Content starts

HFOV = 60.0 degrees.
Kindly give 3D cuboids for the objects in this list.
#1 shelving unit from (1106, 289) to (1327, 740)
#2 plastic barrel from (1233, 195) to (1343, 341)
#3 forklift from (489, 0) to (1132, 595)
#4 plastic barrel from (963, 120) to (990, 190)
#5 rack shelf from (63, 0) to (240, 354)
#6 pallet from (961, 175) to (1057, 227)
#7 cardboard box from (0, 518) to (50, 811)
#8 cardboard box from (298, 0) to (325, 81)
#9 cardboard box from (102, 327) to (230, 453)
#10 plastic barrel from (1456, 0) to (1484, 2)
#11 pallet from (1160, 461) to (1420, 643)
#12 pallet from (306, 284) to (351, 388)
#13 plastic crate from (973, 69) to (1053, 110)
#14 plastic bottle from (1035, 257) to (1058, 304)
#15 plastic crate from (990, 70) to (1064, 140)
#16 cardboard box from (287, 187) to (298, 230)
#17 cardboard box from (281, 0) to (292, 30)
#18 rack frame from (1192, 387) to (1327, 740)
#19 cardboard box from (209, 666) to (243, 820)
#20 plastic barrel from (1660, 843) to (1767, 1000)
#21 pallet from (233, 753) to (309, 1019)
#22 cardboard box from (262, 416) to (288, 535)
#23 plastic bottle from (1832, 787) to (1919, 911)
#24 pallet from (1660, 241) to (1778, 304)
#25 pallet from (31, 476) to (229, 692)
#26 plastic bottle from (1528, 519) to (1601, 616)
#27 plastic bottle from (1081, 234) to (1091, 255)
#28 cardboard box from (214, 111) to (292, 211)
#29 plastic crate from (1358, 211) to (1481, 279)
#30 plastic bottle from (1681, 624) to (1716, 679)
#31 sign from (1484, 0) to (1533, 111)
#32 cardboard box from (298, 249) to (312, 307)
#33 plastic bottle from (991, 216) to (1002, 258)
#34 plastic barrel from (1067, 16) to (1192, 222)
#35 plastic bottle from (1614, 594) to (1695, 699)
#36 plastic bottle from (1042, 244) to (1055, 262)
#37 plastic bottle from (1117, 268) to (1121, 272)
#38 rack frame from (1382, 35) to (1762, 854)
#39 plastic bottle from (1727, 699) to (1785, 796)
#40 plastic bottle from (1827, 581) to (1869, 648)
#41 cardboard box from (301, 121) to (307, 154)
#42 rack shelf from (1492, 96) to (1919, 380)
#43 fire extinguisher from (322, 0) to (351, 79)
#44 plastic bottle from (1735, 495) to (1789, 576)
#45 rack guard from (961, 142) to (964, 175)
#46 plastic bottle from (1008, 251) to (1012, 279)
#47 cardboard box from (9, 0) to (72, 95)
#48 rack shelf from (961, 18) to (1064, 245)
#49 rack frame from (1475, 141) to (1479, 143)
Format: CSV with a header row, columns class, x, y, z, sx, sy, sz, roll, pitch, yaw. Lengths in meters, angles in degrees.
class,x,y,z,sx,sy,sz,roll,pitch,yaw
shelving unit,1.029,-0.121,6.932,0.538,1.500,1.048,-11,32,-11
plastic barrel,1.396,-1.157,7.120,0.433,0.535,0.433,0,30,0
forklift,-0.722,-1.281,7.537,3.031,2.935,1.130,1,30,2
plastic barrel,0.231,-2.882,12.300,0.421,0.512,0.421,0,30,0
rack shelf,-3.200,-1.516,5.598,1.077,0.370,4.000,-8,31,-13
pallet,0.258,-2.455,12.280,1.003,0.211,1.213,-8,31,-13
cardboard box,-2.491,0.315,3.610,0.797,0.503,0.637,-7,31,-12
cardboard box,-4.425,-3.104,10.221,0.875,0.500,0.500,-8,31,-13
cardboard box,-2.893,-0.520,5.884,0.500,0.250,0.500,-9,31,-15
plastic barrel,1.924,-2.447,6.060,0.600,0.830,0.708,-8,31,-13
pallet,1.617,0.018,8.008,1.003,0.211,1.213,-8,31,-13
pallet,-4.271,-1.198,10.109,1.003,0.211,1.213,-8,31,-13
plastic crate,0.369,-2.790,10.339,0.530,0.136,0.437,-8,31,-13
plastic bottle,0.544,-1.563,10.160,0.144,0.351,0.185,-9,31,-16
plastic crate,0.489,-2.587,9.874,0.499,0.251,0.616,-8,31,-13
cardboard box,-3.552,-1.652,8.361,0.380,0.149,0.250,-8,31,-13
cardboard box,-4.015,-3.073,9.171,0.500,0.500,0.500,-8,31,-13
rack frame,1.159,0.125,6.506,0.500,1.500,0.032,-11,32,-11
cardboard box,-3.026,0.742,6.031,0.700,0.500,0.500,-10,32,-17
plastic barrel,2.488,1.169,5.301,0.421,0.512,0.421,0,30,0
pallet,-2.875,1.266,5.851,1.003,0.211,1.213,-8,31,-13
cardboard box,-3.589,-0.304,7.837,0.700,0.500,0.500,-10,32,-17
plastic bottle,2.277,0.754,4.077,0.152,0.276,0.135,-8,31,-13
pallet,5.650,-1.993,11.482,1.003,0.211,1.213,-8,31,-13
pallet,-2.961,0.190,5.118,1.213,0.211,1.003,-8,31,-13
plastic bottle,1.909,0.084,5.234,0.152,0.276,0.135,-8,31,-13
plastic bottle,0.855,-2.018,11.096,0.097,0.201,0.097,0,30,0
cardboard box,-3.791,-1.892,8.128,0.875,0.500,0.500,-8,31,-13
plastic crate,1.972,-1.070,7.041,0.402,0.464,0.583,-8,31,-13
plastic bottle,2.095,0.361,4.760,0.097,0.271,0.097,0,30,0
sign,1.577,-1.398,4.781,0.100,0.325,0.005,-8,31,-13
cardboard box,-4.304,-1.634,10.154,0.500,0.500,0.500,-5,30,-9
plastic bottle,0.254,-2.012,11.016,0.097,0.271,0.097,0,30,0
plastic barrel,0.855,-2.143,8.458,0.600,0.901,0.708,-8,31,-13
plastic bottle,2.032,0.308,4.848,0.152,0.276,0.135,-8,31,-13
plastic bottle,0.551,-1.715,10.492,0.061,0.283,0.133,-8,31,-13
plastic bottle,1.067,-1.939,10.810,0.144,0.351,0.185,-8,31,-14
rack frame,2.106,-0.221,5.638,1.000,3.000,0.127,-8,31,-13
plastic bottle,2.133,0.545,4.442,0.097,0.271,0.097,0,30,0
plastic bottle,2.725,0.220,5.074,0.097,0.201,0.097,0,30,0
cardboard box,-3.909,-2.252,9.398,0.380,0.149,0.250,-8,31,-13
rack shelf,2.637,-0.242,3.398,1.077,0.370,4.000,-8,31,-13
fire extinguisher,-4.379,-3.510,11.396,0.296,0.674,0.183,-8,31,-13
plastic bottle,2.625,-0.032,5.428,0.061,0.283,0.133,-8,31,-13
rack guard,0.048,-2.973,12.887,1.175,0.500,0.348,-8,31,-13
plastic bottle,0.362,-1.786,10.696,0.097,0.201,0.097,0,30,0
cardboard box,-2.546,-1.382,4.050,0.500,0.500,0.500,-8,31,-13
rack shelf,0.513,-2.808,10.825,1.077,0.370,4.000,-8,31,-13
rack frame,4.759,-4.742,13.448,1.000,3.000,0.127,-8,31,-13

Content ends

WHAT YOU NEED TO DO:
Out of the material above, output word for word the line with "#47 cardboard box from (9, 0) to (72, 95)", the line with "#49 rack frame", and all lines between them, with nothing else.

SOLUTION FOR THIS EXERCISE:
#47 cardboard box from (9, 0) to (72, 95)
#48 rack shelf from (961, 18) to (1064, 245)
#49 rack frame from (1475, 141) to (1479, 143)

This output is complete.